I burst out in awkward laughter, but mostly because the tension in the room was thick. Cameras from competing newspapers snapped the glowing, tan vixen who has captivated the hearts of the MTV-VH1 generation with her brilliantly white smile, the pretty enunciation of her words, and her amazing ability to make any emotion into a facial mannerism.

“Pretty hot today, huh?” I asked a minute later.

“Yes, I knoooooow.” Her hair was slightly poofy, no doubt a result of the cruel Texas humidity.

Conrad posed for cameras with a copy of her new novel, “LA Candy,” which is loosely based on her life. A young aspiring starlet goes to Hollywood in search of fame, in a peculiar twist on the “coming-of-age” story. What’s strange is that the story is mostly nonfiction, because Lauren herself has lived much of her formative years in front of a glass lens. For a moment, right before the hundreds of adoring fans outside the room were let in, I relented against what I thought was sheer apathy for Lauren Conrad. I felt a little sad.

She sat back down in her plain brown chair, wearing a white dress from Barney’s and bright red nail polish on her perfectly manicured toes, and stretched her fingers out in a sort of pre-signing exercise. She was, maybe, nervous. Even after exposing the most intimate moments of her life to millions of viewers, this was a girl who could still get the shakes.
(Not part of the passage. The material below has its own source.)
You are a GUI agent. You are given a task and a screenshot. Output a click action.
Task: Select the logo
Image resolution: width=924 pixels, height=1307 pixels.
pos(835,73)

One by one, the fans trickled into the room to get their books signed; some cried, some trembled as they tried to get a clear shot of Conrad on their iPhones, some came bearing “blueberry muffins made from scratch” and University Co-op T-shirts.
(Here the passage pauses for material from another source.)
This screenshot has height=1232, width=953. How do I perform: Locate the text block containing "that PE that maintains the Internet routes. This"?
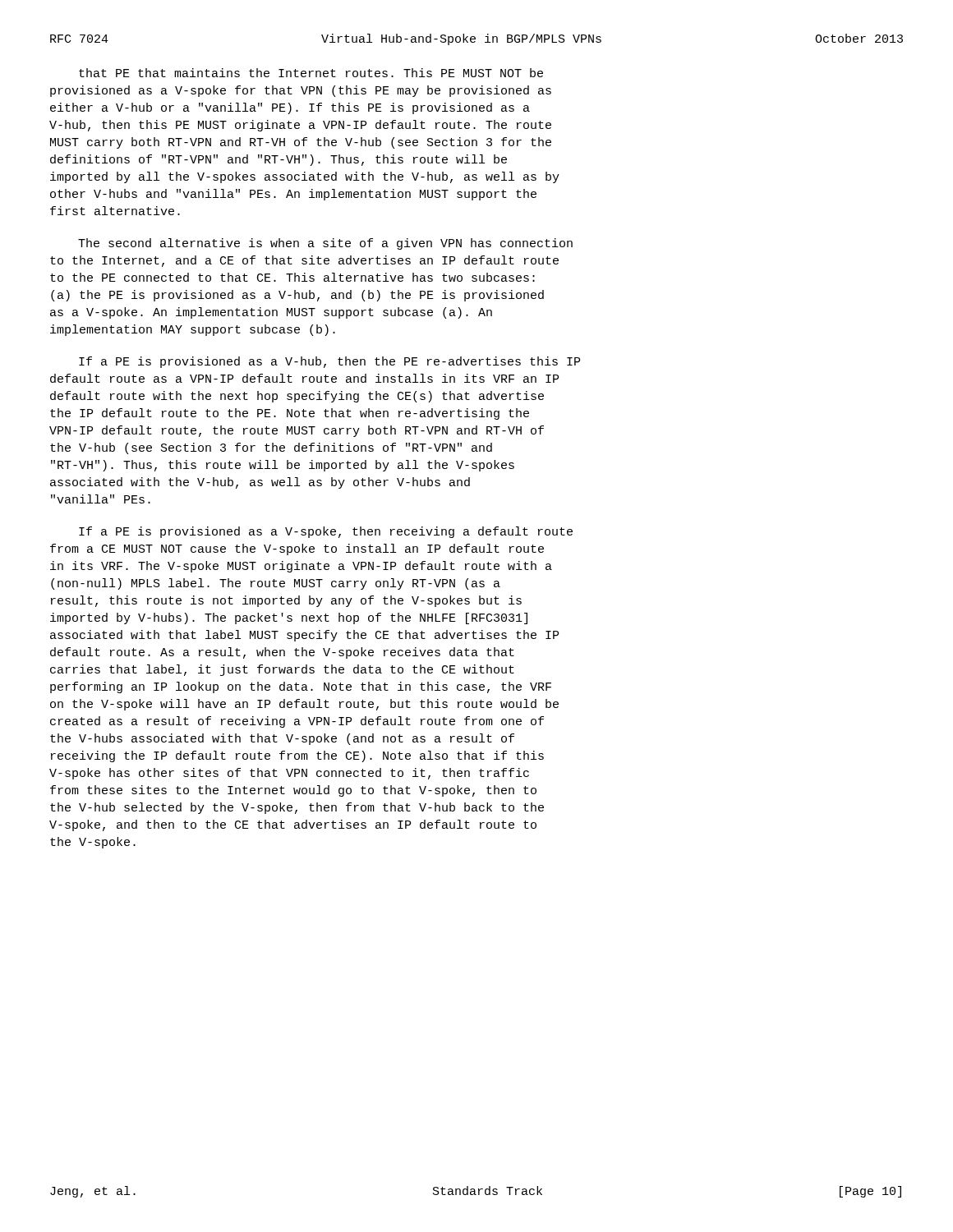(x=304, y=143)

One pair of besties said Conrad inspired them to go into fashion design. Conrad’s travails at the Fashion Institute of Design and Merchandise are chronicled heavily in “The Hills.”

“She inspired us to go to FIDM, and we both just got accepted,” said Samantha Stahl, a Lake Travis High School senior who claimed to be actor Nick Stahl’s cousin. “Look at me, I’m shaking!”

Conrad sighed in relief near the end of the book signing as the fans started to dwindle and dissipate.

She might be an inspiration or she might be a meme in today’s fast-paced society, but Lauren Conrad is, above all, something else: A human being.